WHAT IS EXPECTED
The lines from the one with "Answer: Week 4" through the last line of the material below, copied exactly and free of pictures, make up the whole answer.

THE DATA

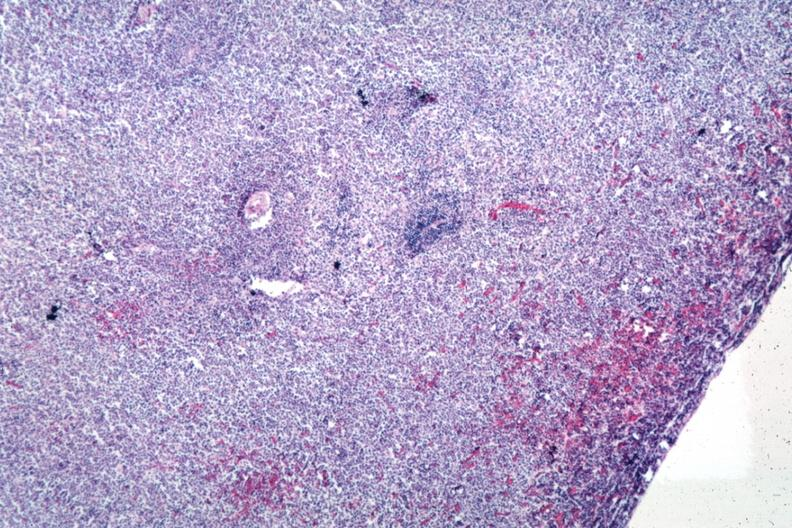what is present?
Answer the question using a single word or phrase. Lymphoblastic lymphoma 
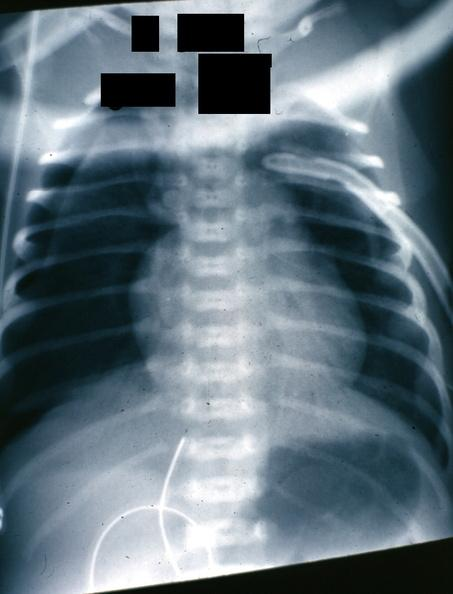what is present?
Answer the question using a single word or phrase. Pneumothorax x-ray infant 
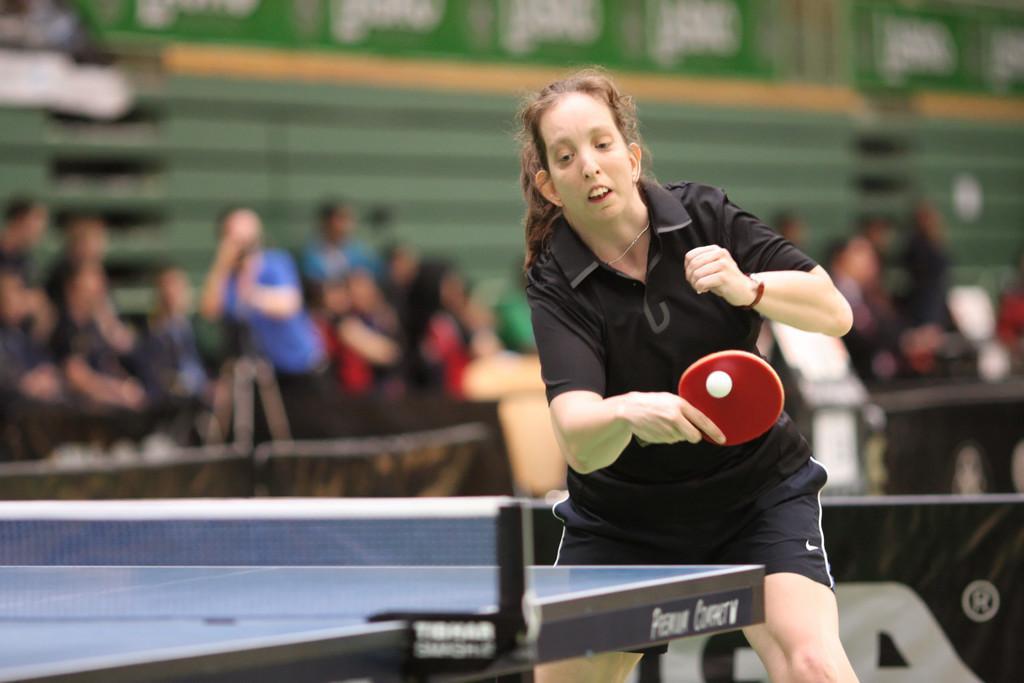How would you summarize this image in a sentence or two? This is a picture is a woman in black dress holding a red bag. In front of the there is a table background of the women there are the group of people sitting. 
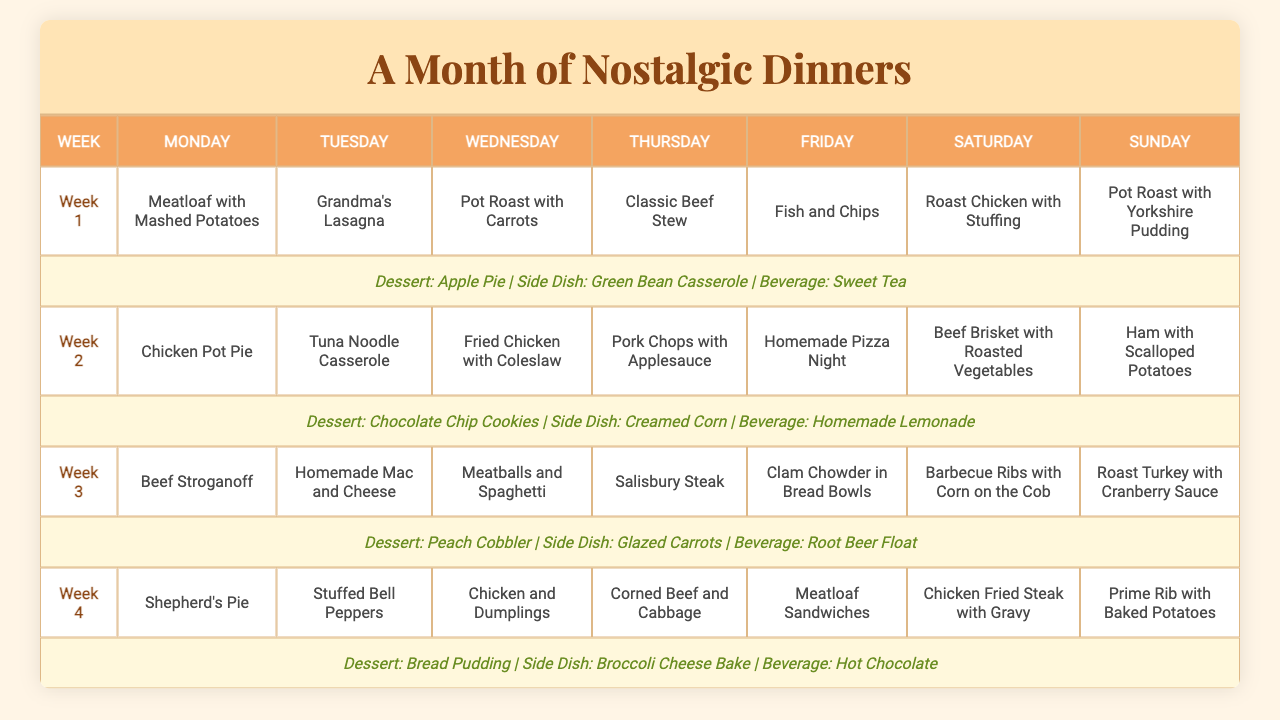What is the meal planned for Tuesday in Week 3? For Week 3, the table indicates that the meal planned for Tuesday is "Homemade Mac and Cheese."
Answer: Homemade Mac and Cheese Which dessert is associated with Week 2? According to the table, the dessert scheduled for Week 2 is "Chocolate Chip Cookies."
Answer: Chocolate Chip Cookies Is "Fish and Chips" served on a Saturday? The table shows that "Fish and Chips" is served on a Friday, so the statement is false.
Answer: No What is the side dish served with "Meatloaf with Mashed Potatoes"? Referring to Week 1, the side dish listed with "Meatloaf with Mashed Potatoes" is "Green Bean Casserole."
Answer: Green Bean Casserole In which week is "Roast Turkey with Cranberry Sauce" served, and what is the dessert for that week? The table indicates that "Roast Turkey with Cranberry Sauce" is served in Week 3, and the associated dessert for that week is "Peach Cobbler."
Answer: Week 3, Peach Cobbler What are the two beverages served on Sunday across the weeks? Checking the table, the two beverages served on Sunday in the schedule are "Sweet Tea" in Week 1 and "Hot Chocolate" in Week 4.
Answer: Sweet Tea and Hot Chocolate Calculate the number of different main dishes served on Saturdays for the month. There are four unique main dishes served on Saturdays (Roast Chicken, Beef Brisket, Barbecue Ribs, Chicken Fried Steak), meaning four different options.
Answer: 4 Is there a week where "Classic Beef Stew" is the main dish on Thursday? Yes, the table confirms that "Classic Beef Stew" is indeed scheduled for Thursday of Week 2.
Answer: Yes Which week features the highest number of meat-based dinners (considering meatloaf, beef, chicken, and turkey)? In Week 4, there are four meat-based dinners (Shepherd's Pie, Stuffed Bell Peppers, Chicken and Dumplings, Corned Beef and Cabbage) compared to other weeks. Therefore, Week 4 has the highest.
Answer: Week 4 What is the average number of desserts served across the four weeks? The table lists one dessert per week over four weeks, so the average is also one dessert per week (4/4).
Answer: 1 
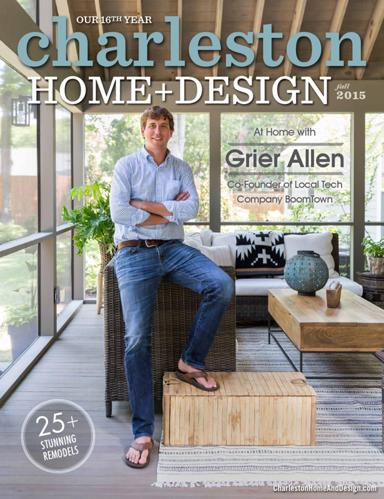What details on the cover suggest this magazine issue focuses on home remodels? The cover hints at a focus on home remodels through the text '25+ stunning remodels' prominently displayed. Additionally, the featured interior showcases a beautifully renovated space, indicating the content's emphasis on transformation and design innovation.

RESPONSE
Answer: Week 4 What is the average number of desserts served across the four weeks? The table lists one dessert per week over four weeks, so the average is also one dessert per week (4/4).
Answer: 1 
What details on the cover suggest this magazine issue focuses on home remodels? The cover hints at a focus on home remodels through the text '25+ stunning remodels' prominently displayed. Additionally, the featured interior showcases a beautifully renovated space, indicating the content's emphasis on transformation and design innovation.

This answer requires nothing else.